#### Given information
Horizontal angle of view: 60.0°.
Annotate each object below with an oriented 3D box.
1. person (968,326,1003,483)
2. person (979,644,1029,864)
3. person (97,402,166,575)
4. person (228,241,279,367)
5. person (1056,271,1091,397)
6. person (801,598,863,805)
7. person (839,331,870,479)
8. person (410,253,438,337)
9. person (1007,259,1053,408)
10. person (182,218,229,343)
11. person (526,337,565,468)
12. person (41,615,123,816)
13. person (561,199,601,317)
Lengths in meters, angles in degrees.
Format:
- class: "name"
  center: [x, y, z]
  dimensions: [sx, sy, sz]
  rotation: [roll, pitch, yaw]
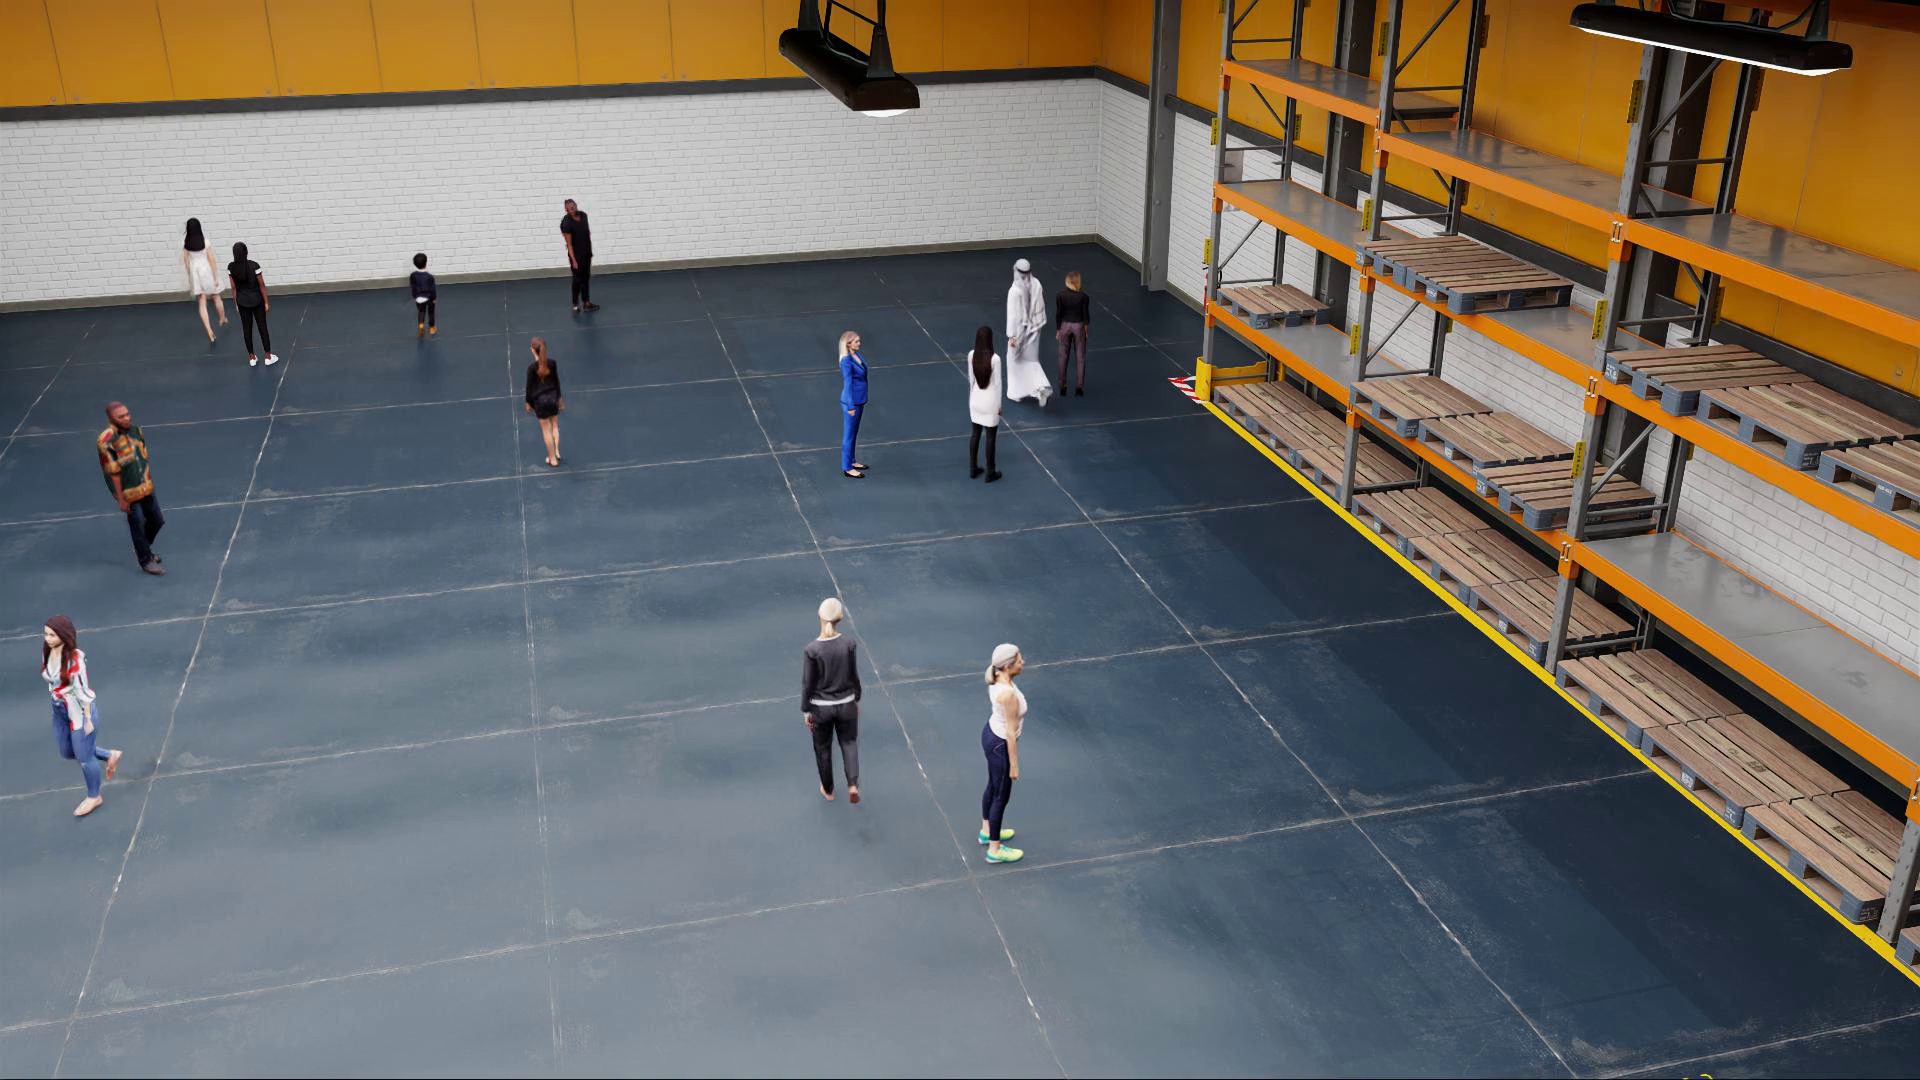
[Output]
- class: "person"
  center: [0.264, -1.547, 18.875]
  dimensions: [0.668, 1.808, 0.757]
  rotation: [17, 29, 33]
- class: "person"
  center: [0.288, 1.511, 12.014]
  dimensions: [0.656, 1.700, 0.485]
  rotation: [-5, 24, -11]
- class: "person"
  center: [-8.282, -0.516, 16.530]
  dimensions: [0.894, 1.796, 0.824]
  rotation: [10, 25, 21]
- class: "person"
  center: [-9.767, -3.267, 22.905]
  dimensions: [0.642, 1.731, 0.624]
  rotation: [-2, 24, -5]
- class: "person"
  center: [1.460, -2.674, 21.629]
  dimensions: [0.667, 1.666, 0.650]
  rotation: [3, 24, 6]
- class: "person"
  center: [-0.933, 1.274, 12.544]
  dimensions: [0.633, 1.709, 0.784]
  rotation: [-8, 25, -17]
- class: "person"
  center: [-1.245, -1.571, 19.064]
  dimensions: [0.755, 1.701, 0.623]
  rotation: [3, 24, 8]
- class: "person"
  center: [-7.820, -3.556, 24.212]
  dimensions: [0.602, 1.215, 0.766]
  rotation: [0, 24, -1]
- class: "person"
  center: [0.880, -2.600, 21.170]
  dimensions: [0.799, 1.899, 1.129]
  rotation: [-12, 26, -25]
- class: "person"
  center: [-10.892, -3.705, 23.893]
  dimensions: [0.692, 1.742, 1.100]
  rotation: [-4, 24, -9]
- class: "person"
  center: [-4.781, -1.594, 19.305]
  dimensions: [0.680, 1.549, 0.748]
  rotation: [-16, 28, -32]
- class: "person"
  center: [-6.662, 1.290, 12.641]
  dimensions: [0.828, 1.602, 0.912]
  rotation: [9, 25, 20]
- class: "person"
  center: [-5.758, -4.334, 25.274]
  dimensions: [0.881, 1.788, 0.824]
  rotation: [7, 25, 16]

#### What the exercise asks
Please copy, exactly and with nothing else, the lines above beginning at the line that has "7. person (839,331,870,479)" and ending with the line that has "rotation: [roll, pitch, yaw]".

#### Exercise output
7. person (839,331,870,479)
8. person (410,253,438,337)
9. person (1007,259,1053,408)
10. person (182,218,229,343)
11. person (526,337,565,468)
12. person (41,615,123,816)
13. person (561,199,601,317)
Lengths in meters, angles in degrees.
Format:
- class: "name"
  center: [x, y, z]
  dimensions: [sx, sy, sz]
  rotation: [roll, pitch, yaw]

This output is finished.